A contract is never complete. For remodelers, who are used to projects with a beginning and end, that can be a difficult concept to accept, says Tom Cooper, who teaches a contracts course for NAHB. "Because situations change, laws change and because of things we haven't thought about [yet], we continually revise these documents," says Cooper, a professor emeritus of building science at Alabama'...


By Alicia Garceau, Contributing Editor December 31, 2005
This article first appeared in the PR January 2006 issue of Pro Remodeler.

Sidebars:
Going Up: Should You Add a Price Escalation Clause?

A contract is never complete. For remodelers, who are used to projects with a beginning and end, that can be a difficult concept to accept, says Tom Cooper, who teaches a contracts course for NAHB.

"Because situations change, laws change and because of things we haven't thought about [yet], we continually revise these documents," says Cooper, a professor emeritus of building science at Alabama's Auburn University. "Document preparation is a process and not an event."

 

John Fiderio, owner and operator of Meriden, Conn.-based Fiderio & Sons, agrees. As his full-service remodeling business evolves and market conditions fluctuate, he responds accordingly.

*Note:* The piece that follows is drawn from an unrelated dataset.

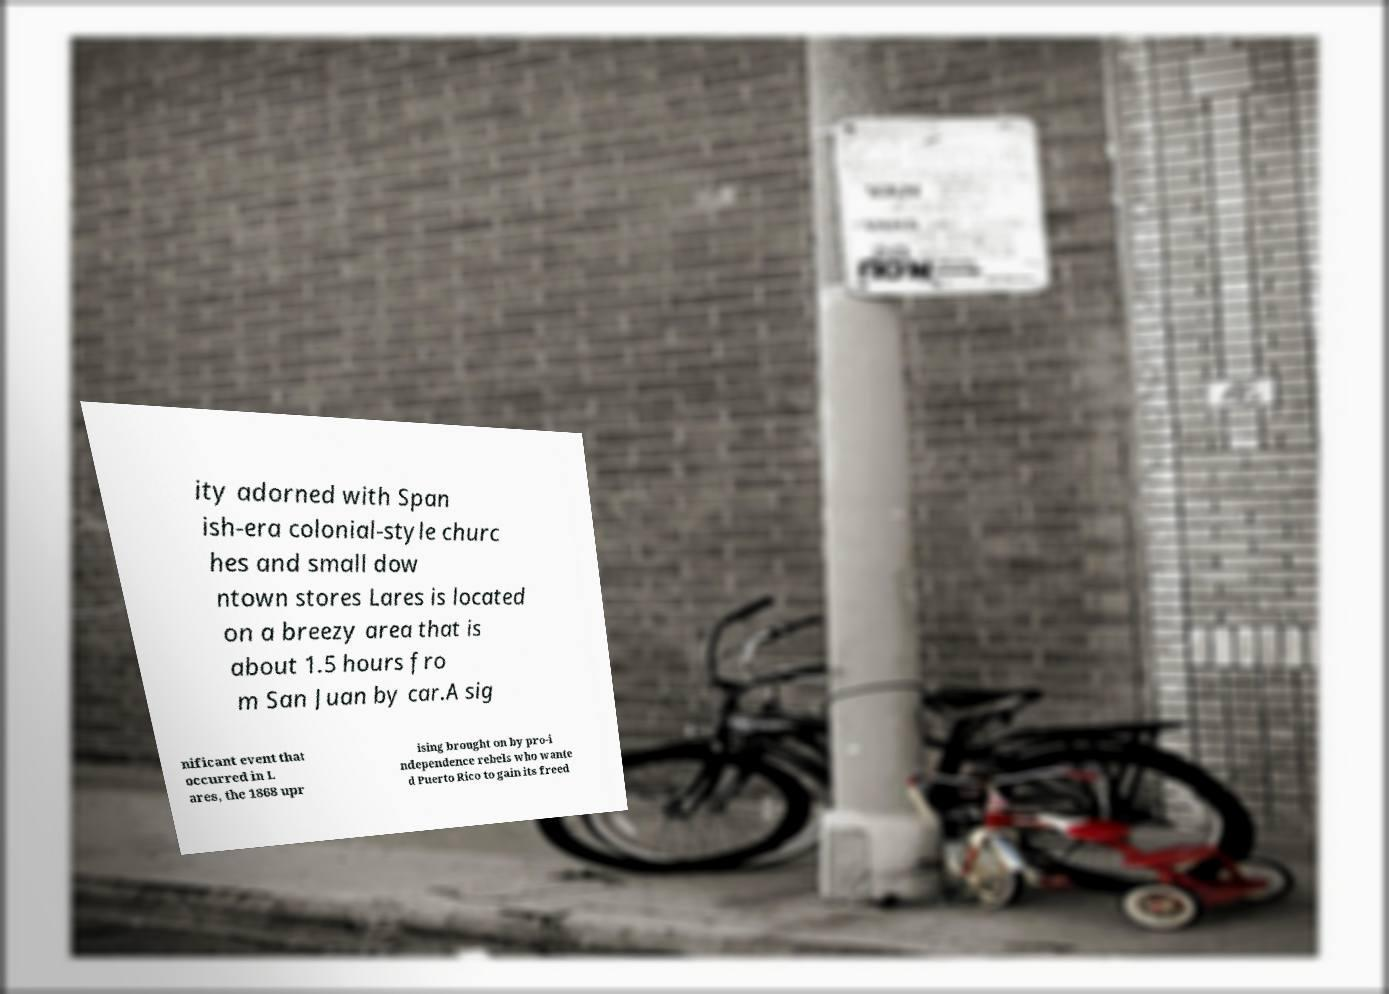Please identify and transcribe the text found in this image. ity adorned with Span ish-era colonial-style churc hes and small dow ntown stores Lares is located on a breezy area that is about 1.5 hours fro m San Juan by car.A sig nificant event that occurred in L ares, the 1868 upr ising brought on by pro-i ndependence rebels who wante d Puerto Rico to gain its freed

"We've been in business since 1983, so it's something that we've added and modified as we've gone along based on things that have come up," he says. "As a matter of fact, we're in the process of doing a major rework on our contracts."

After recently attending a seminar on contracts, Fiderio decided to create multiple contracts that would be scope-of-work specific.

"We'll probably end up with three different contracts —one for all the specialties, which would be the siding, windows, decks and sunrooms, one for kitchens and baths, and probably one for additions," he explains.

At a minimum, remodelers should amend their contract as new laws are handed down and when language revisions become necessary. Paul Montelongo, an industry consultant and former remodeler from San Antonio, Texas, also advises an annual review of the contract to make sure the document is in top shape.

Where to begin?

Don't start by looking in the business form aisle at the office supply store.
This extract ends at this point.